Our findings also showed that MALAT1 was capable of negatively modulating miR-155 expression in CD4+ T cells by sponging it (Figure 3A,B), just as in glioma [26]. These findings demonstrated that MALAT1 regulated asthmatic inflammation by targeting miR-155. In fact, miR-155 modified inflammation-related pathways (e.g. MAPK signaling [51] and JAK-STAT signaling [52]), and transcriptional activation of bic, from which the transcription product of miR-155 derived, was capable of activating T cells [53]. Despite consensus on the tight linkage of miR-155 with T cell-induced inflammation, Malmall et al. held that knockout of miR-155 tended to ease asthma development in mice models [28], which conflicted with the results of this study (Figure 1D). We strived to explain this divergence from following two aspects. In the first place, the asthma mice models adopted by Malmall et al. were established based on induction of OVA, yet the asthma patients we recruited were affected by non-uniform allergens [28]. The diversified pathogens could bring about inconsistent biological actions inside’. different types of organisms, along with discrepant expressional profiles of miRNAs. Second, the incorporated asthma patients, albeit in a relatively large scale, were not subdivided according to living habits here, which might overlook the impact of environmental parameters on miR-155 expression. Another noteworthy point of the present study lied in that MALAT1 affected expression of Th1-type and Th2-type cytokines more strongly than miR-155 (Figure 2), which could be ascribed to that MALAT1 might sponge and modify other asthma inflammation-relevant miRNAs. For instance, miR-206, miR-299-5p and miR-126, which were potentially sponged by MALAT1 (http://starbase.sysu.edu.cn/agoClipRNA.php?source=lncRNA), were sensitive biomarkers for asthma of various severities [20]. Nonetheless, intensive exploration should be carried out to validate the contribution of MALAT1 and the abovementioned miRNAs to asthmatic inflammation.
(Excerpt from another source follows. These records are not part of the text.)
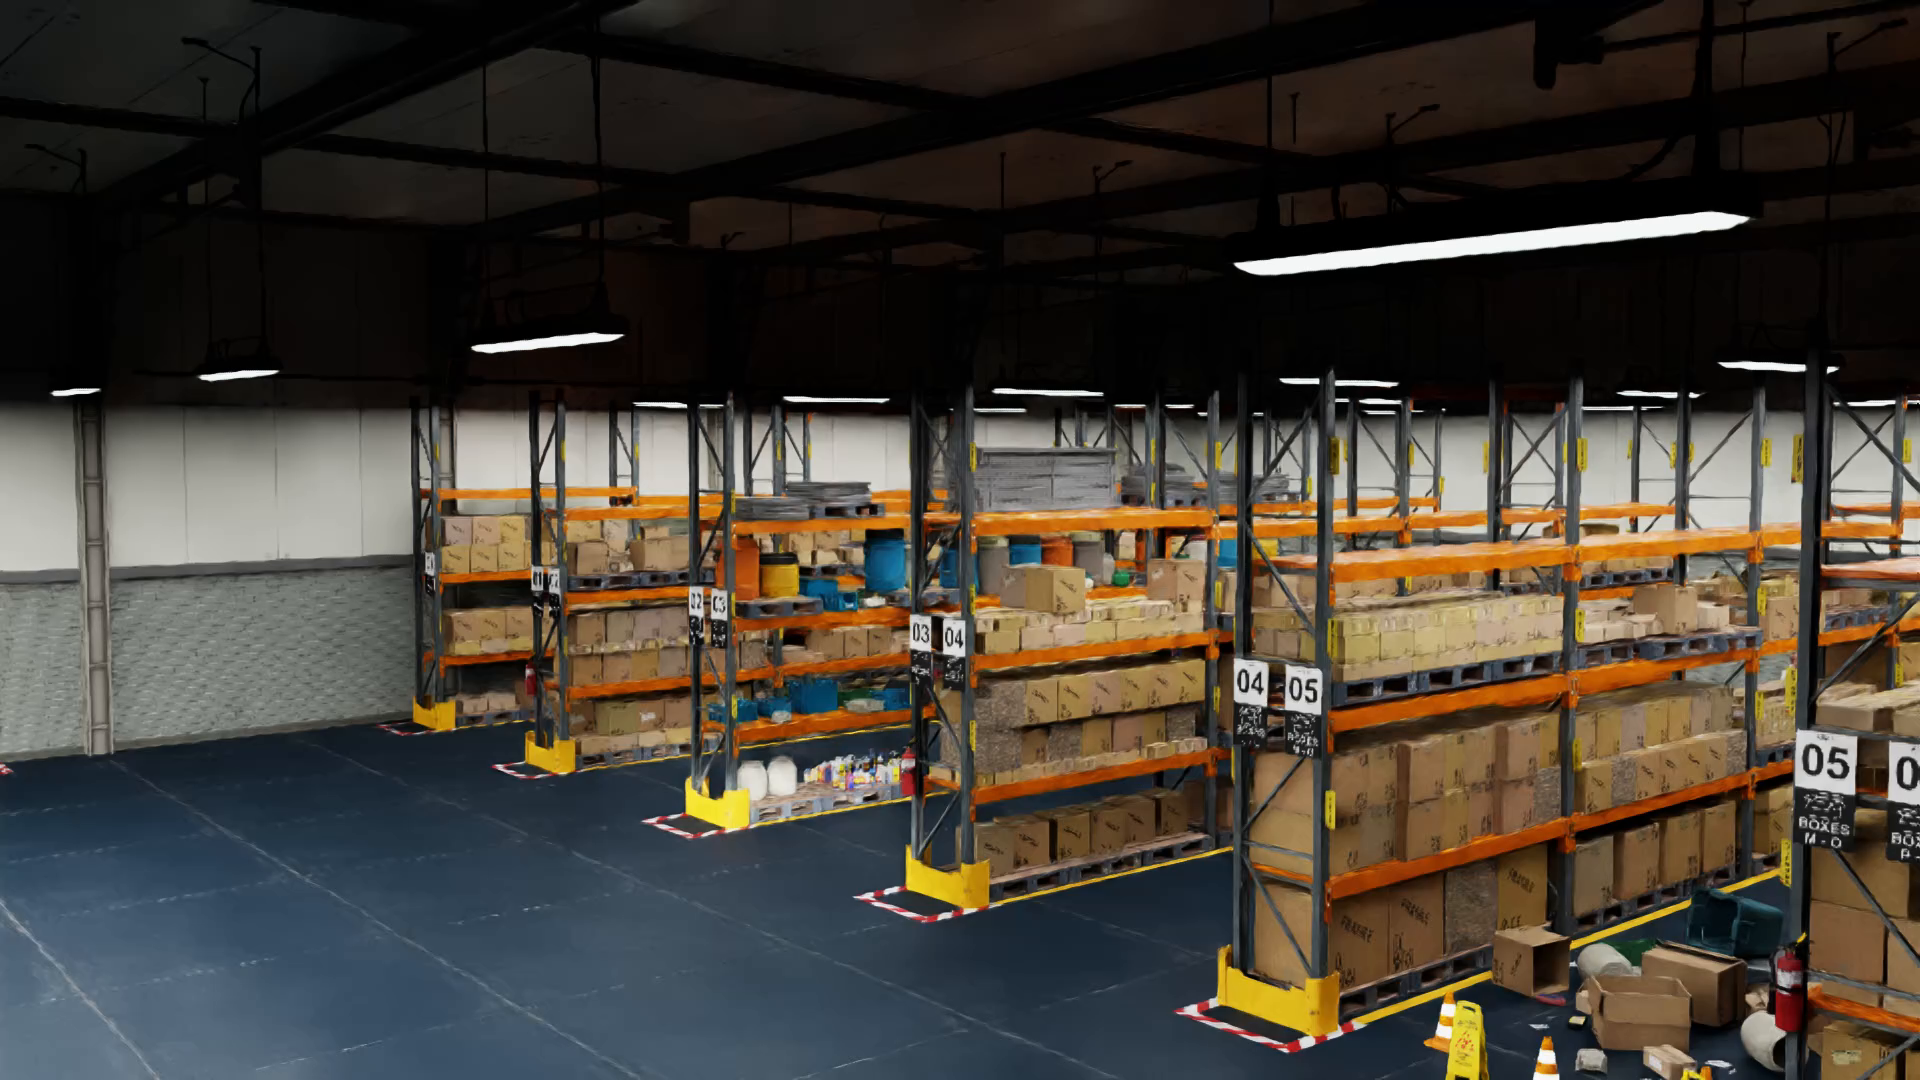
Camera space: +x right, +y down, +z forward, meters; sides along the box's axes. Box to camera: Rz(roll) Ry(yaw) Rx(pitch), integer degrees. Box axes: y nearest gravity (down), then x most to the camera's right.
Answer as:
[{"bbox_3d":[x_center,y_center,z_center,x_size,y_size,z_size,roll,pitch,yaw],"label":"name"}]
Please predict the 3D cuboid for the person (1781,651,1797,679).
[{"bbox_3d":[13.461,2.682,26.821,0.677,1.779,0.530,-2,4,-32],"label":"person"}]

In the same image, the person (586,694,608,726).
[{"bbox_3d":[-6.277,2.684,28.731,0.513,1.590,0.592,-3,5,-42],"label":"person"}]

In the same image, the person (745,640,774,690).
[{"bbox_3d":[-3.860,2.432,31.621,1.044,1.736,0.567,-3,4,-41],"label":"person"}]
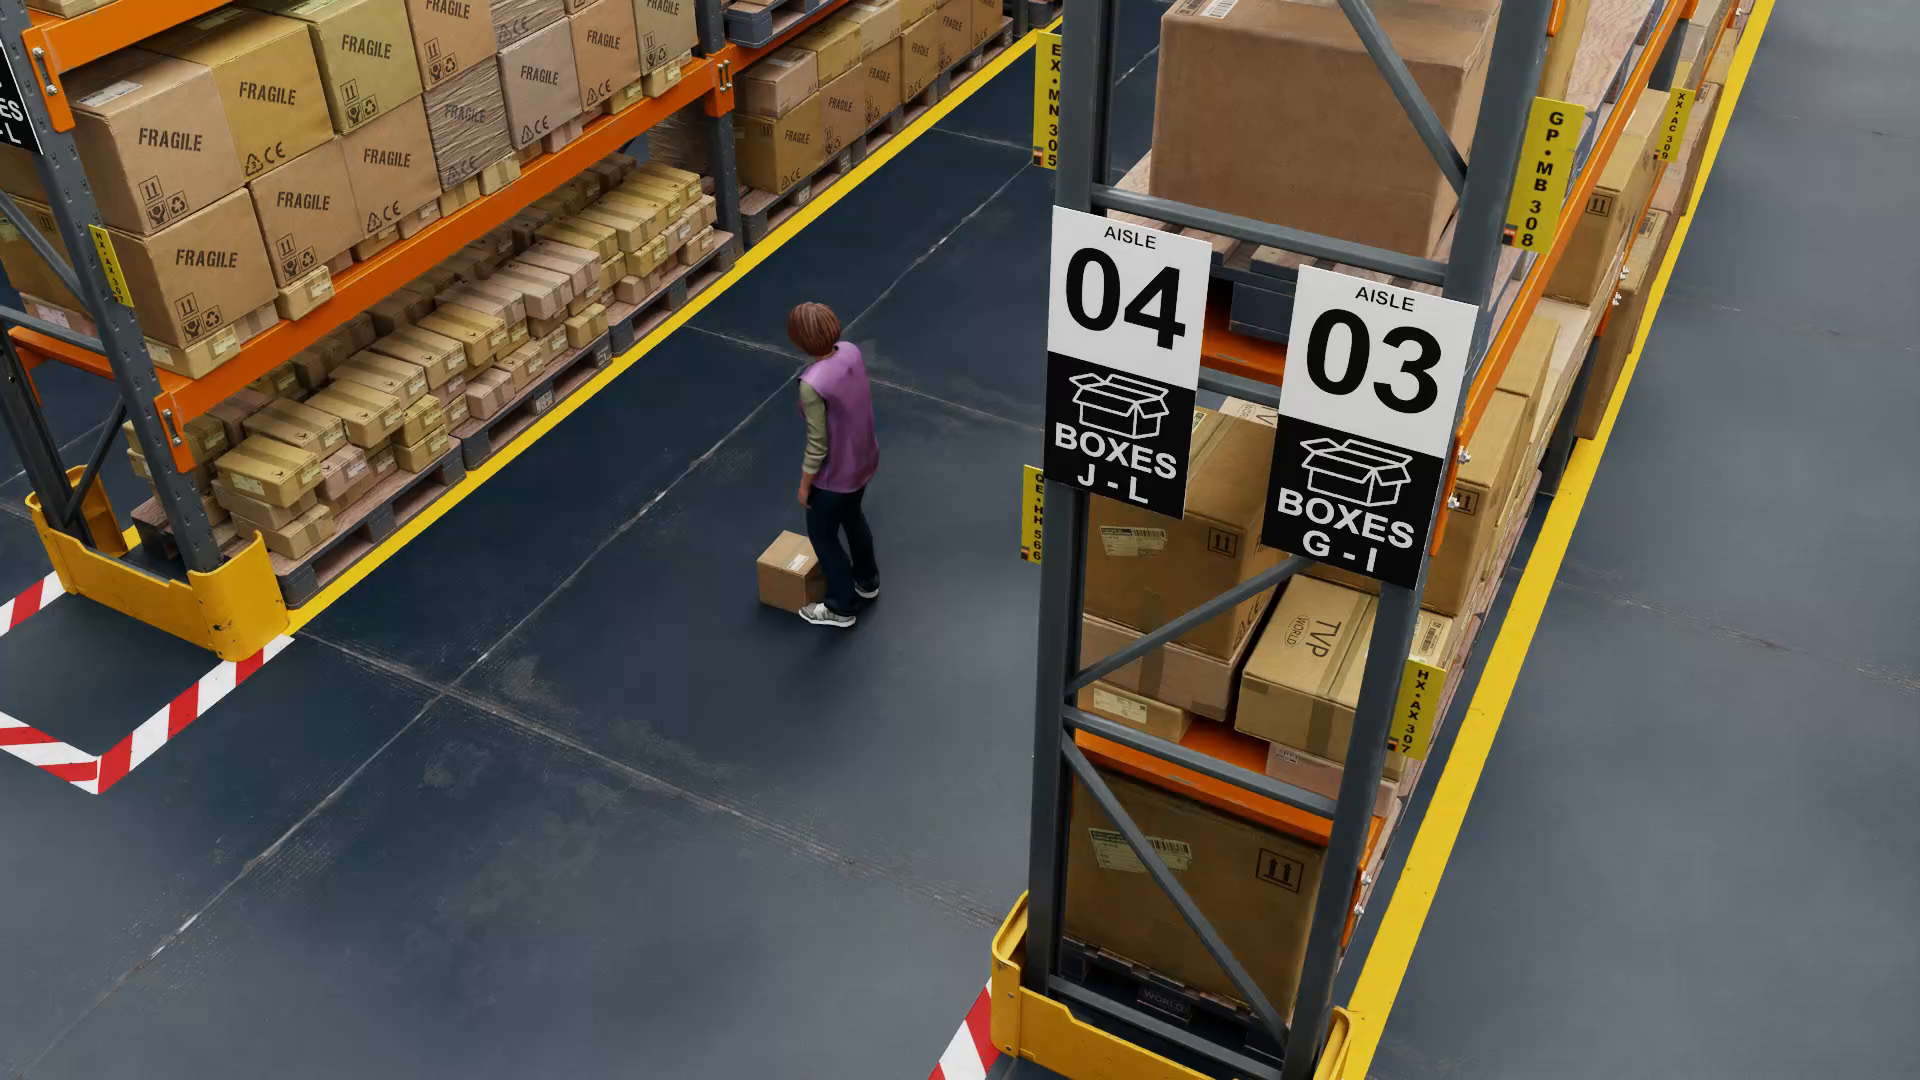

Of note, CTLA-4 altered the modulatory effects of MALAT1 and miR-155 on Th1/Th2 balance and T-bet/GATA3 ratio in CD4+ T cells (Figures 4 and 5). In practice, the relationship of CTLA-4 and T-cell activity were intertwined. For example, CTLA-4 could stagnate the cell cycle of activated T cells by blocking CD28-inducing reactions and reducing IL-2 expression [54]. Moreover, CTLA-4 combined with B7-1 and B7-2 might aid to maintain peripheral tolerance of T cells [55,56], and elevating CTLA-4 expression could facilitate differentiation of Th0 cells into early-stage Th2 cells [57]. Apart from that, the CTLA-4 also presented a negative feedback effect against aggravated inflammation [58,59], which suggested that the failure to sustain high CTLA-4 expression might make asthmatics unable to suppress Th2-cell differentiation. Adding to these prior observations, our study shows for the first time that CTLA-4 regulates asthma inflammation by modifying the effects of MALAT1 and miR-155 (Figures 3D and 5A).

In conclusion, our study indicates that MALAT1 sponging miR-155 could alter the Th1/Th2 balance within CD4+ T cells through a CTLA-4-dependent mechanism. Further studies are needed to determine whether targeting the MALAT1/miR-155/CTLA-4 axis could alter the Th2 responses that promote airway inflammation in asthma.